Douglas Kiker

Douglas Kiker (January 7, 1930 August 14, 1991) was an American author and newspaper and television reporter whose career spanned some three decades.

Kiker was born in Griffin, Georgia. He first gained national attention for his book "The Southerner," published in 1957 and followed by "Strangers on the Shore". Later, he became director of information for the Peace Corps, serving from 1961 until 1963. He left the government and became a reporter for the New York Herald Tribune newspaper and in his first week on the job rode in the press bus in the motorcade of President John F. Kennedy when Kennedy was assassinated in Dallas, Texas. By 1966, NBC News had taken notice of his varied background and hired him as a correspondent. He would remain with that network for the rest of his life.

Kiker became distinguished for his numerous assignments over the years for NBC. Perhaps his best-known work was covering military conflicts in Southeast Asia (namely Vietnam) and the Mideast (particularly the Iranian Revolution); during much of that time, he served as NBC's Rome bureau chief, with a territory encompassing most of Europe and western Asia. He received the Peabody Award in 1970 for his coverage of the Black September in Jordan conflict.

But Kiker also excelled at domestic stories, as well, including the Civil Rights movement and U.S. politics. He reported from Walter Reed Army Medical Center on the 1969 death of President Dwight Eisenhower.[1] He was also the commentator on the August 9, 1974 live broadcast of President Richard Nixon's departure from office in disgrace from the Watergate scandal. Kiker filed reports for David Brinkley's documentaries and short-lived newsmagazines during the 1970s, in addition to his regular work on NBC Nightly News, where he occasionally anchored on the weekends. Kiker worked as a floor reporter during NBC's coverage of the 1972 political conventions and was Washington editor for Today in the mid- to late 1970s.

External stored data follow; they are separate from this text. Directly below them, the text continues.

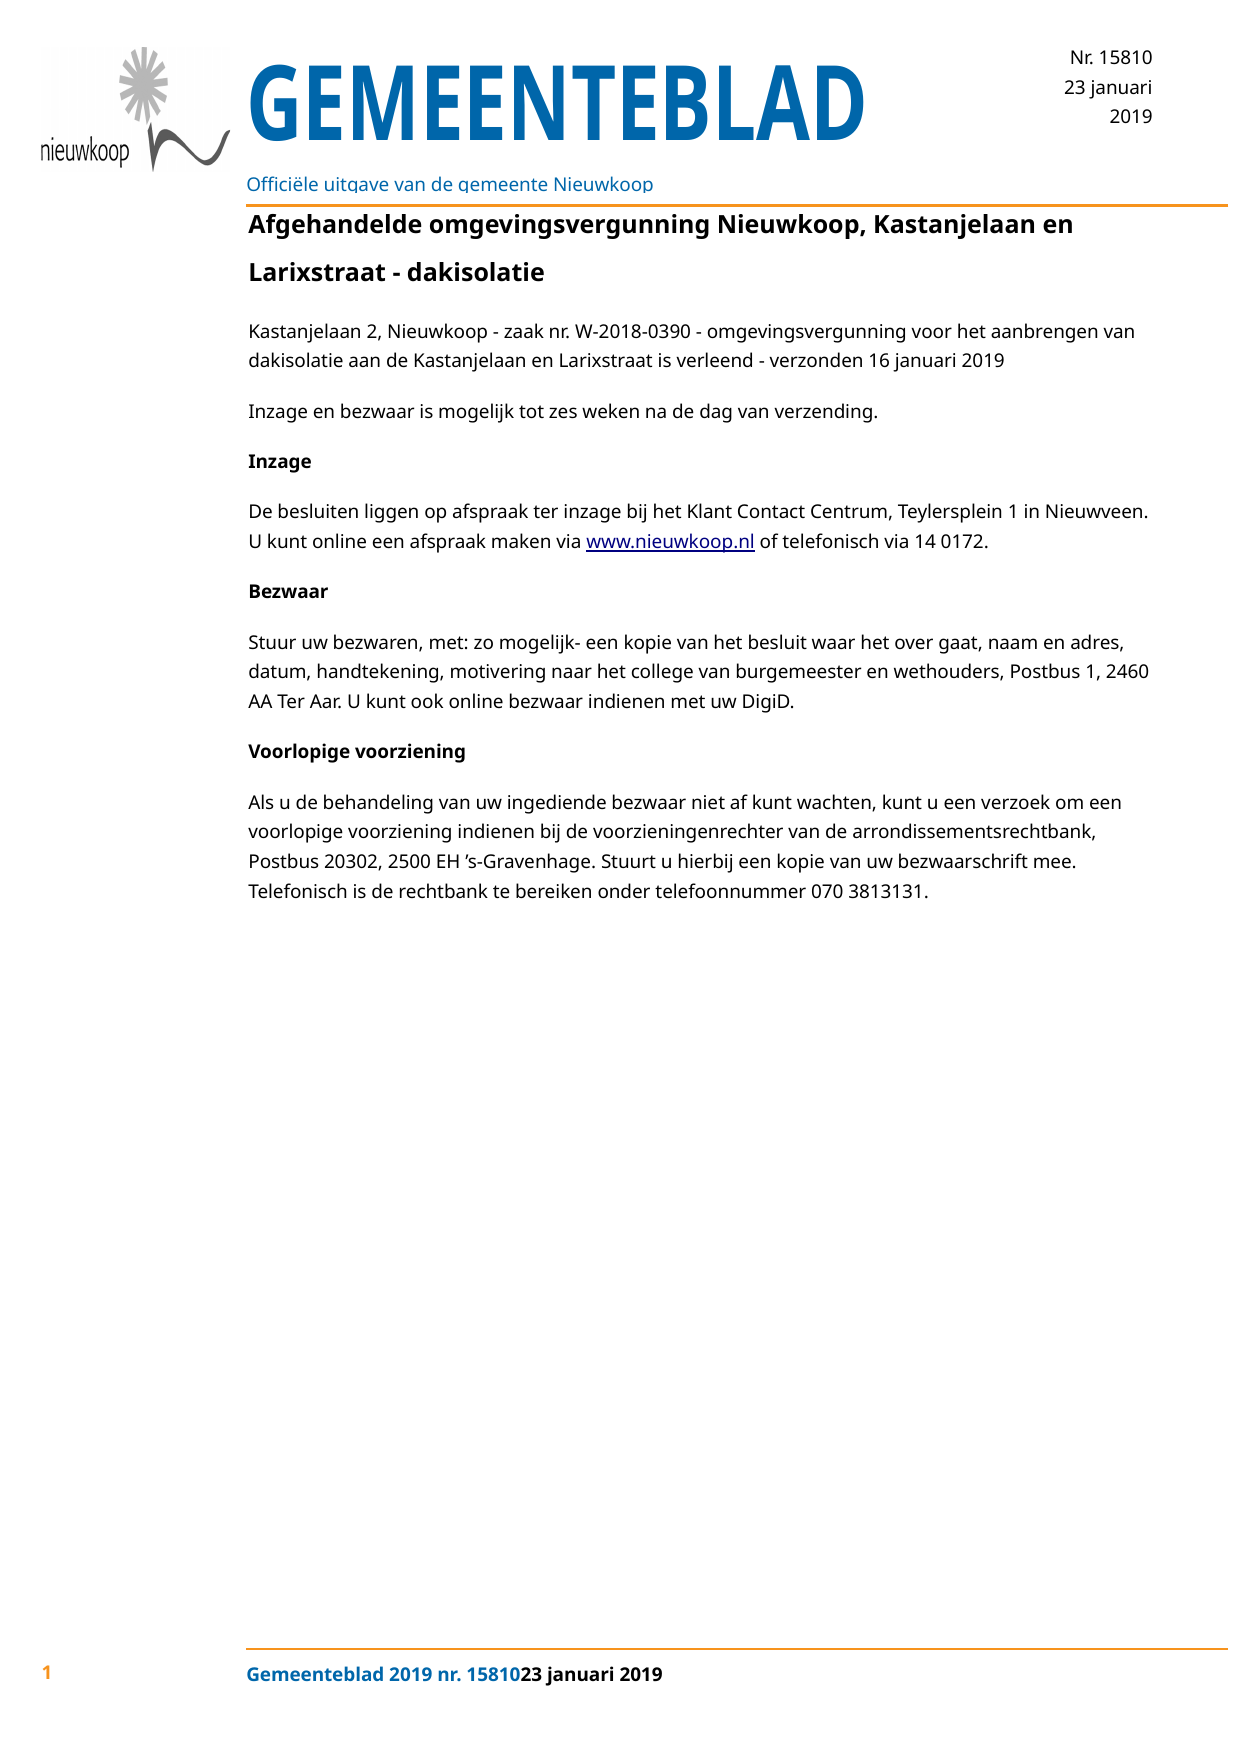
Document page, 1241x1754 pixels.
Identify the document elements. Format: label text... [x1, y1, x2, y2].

text Kastanjelaan 2, Nieuwkoop - zaak nr. W-2018-0390 - omgevingsvergunning voor het aanbrengen van dakisolatie aan de Kastanjelaan en Larixstraat is verleend - verzonden 16 januari 2019 [248, 318, 1152, 373]
text Afgehandelde omgevingsvergunning Nieuwkoop, Kastanjelaan en Larixstraat - dakisolatie [248, 207, 1152, 288]
text Voorlopige voorziening [248, 739, 1152, 764]
text Inzage en bezwaar is mogelijk tot zes weken na de dag van verzending. [248, 398, 1152, 424]
text Stuur uw bezwaren, met: zo mogelijk- een kopie van het besluit waar het over gaat, naam en adres, datum, handtekening, motivering naar het college van burgemeester en wethouders, Postbus 1, 2460 AA Ter Aar. U kunt ook online bezwaar indienen met uw DigiD. [248, 629, 1152, 714]
picture [41, 47, 231, 172]
text De besluiten liggen op afspraak ter inzage bij het Klant Contact Centrum, Teylersplein 1 in Nieuwveen. U kunt online een afspraak maken via www.nieuwkoop.nl of telefonisch via 14 0172. [248, 499, 1152, 554]
text Als u de behandeling van uw ingediende bezwaar niet af kunt wachten, kunt u een verzoek om een voorlopige voorziening indienen bij de voorzieningenrechter van de arrondissementsrechtbank, Postbus 20302, 2500 EH ’s-Gravenhage. Stuurt u hierbij een kopie van uw bezwaarschrift mee. Telefonisch is de rechtbank te bereiken onder telefoonnummer 070 3813131. [248, 789, 1152, 904]
text Bezwaar [248, 579, 1152, 604]
text Inzage [248, 448, 1152, 474]

In the early 1980s, Kiker did a report critical of radio personality Howard Stern, just as Stern was leaving a Washington D.C. station to join WNBC-AM in New York. The report likely foretold the problems Stern would later have at WNBC.

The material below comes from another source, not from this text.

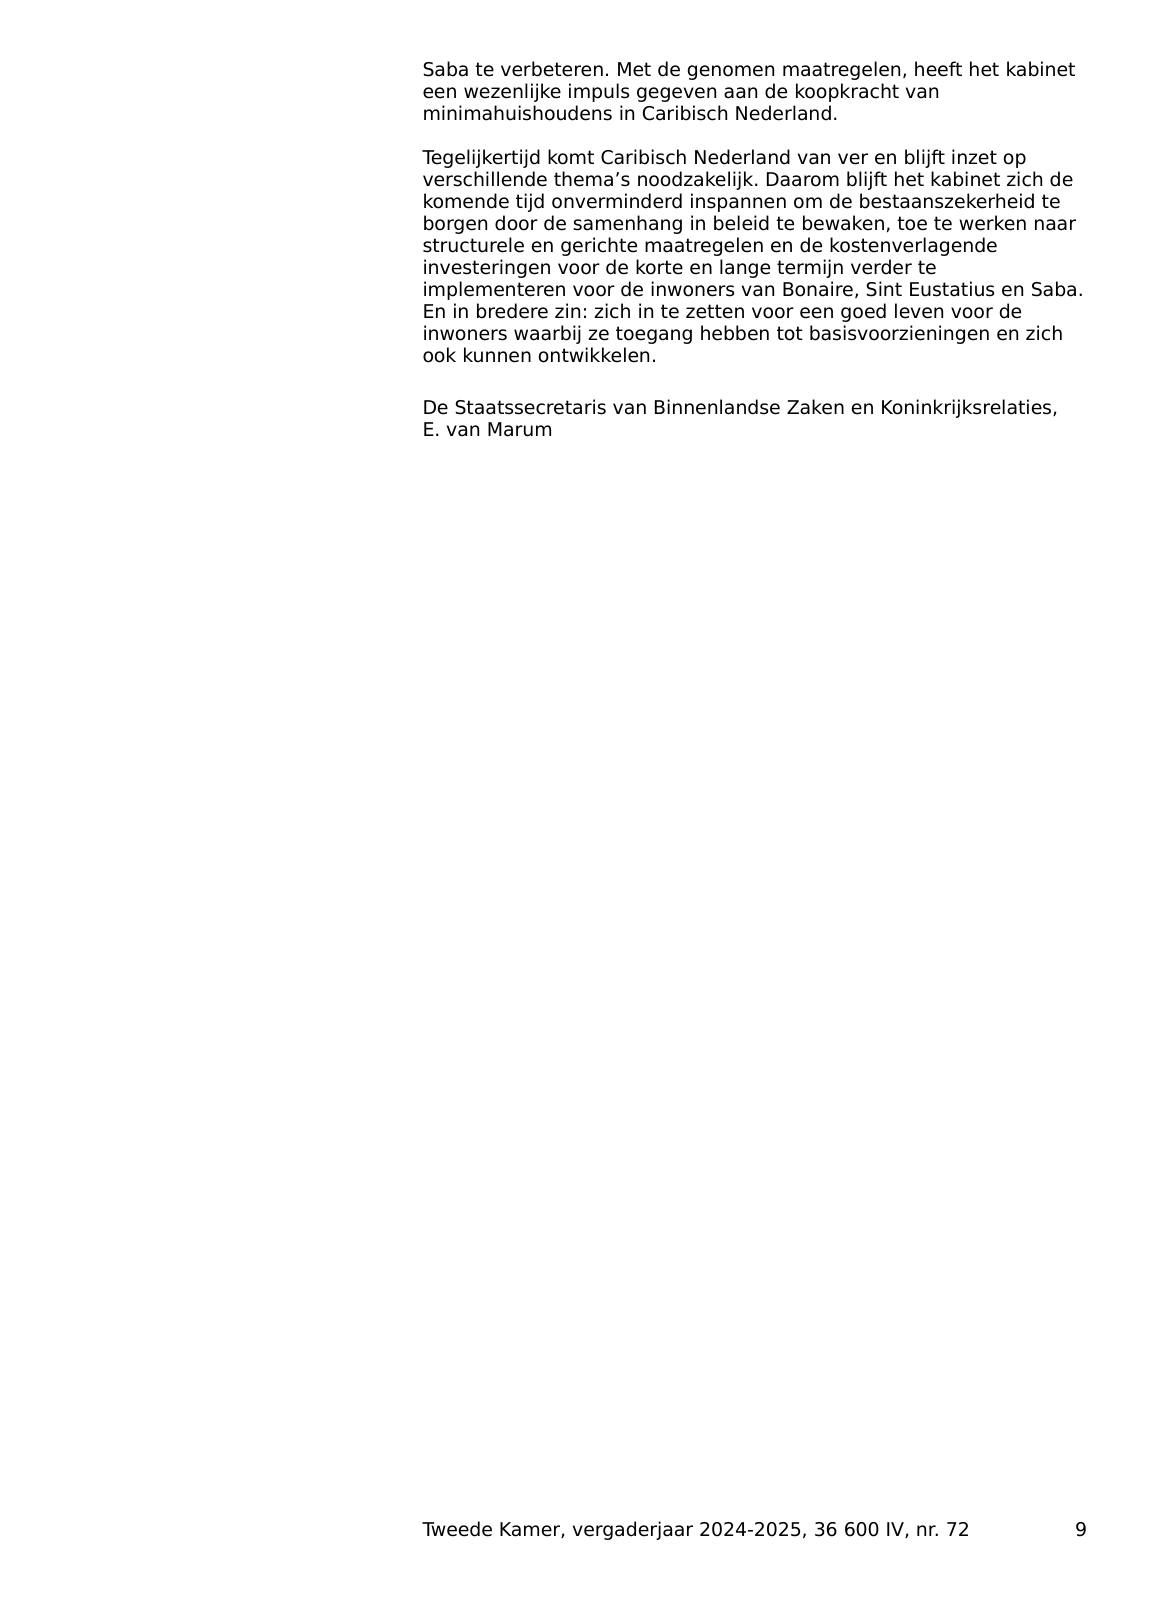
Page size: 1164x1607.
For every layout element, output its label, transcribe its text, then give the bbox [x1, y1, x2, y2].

Despite the success of his 1950s novels, Kiker did not return to book length fiction until later in his life, when he wrote three mystery novels, "Murder on Clam Pond" (published in 1986), "Death at the Cut" (1988), and "Death Below Deck" (1991). The mysteries were set on Cape Cod and featured reporter Mac McFarland. They received considerable critical acclaim.

According to obituaries in The New York Times and other major newspapers, Douglas Kiker died in his sleep, apparently from a heart attack, while vacationing at his beloved Cape Cod summer home in Chatham, Massachusetts. He was 61. He was survived by his wife, one daughter. and four sons.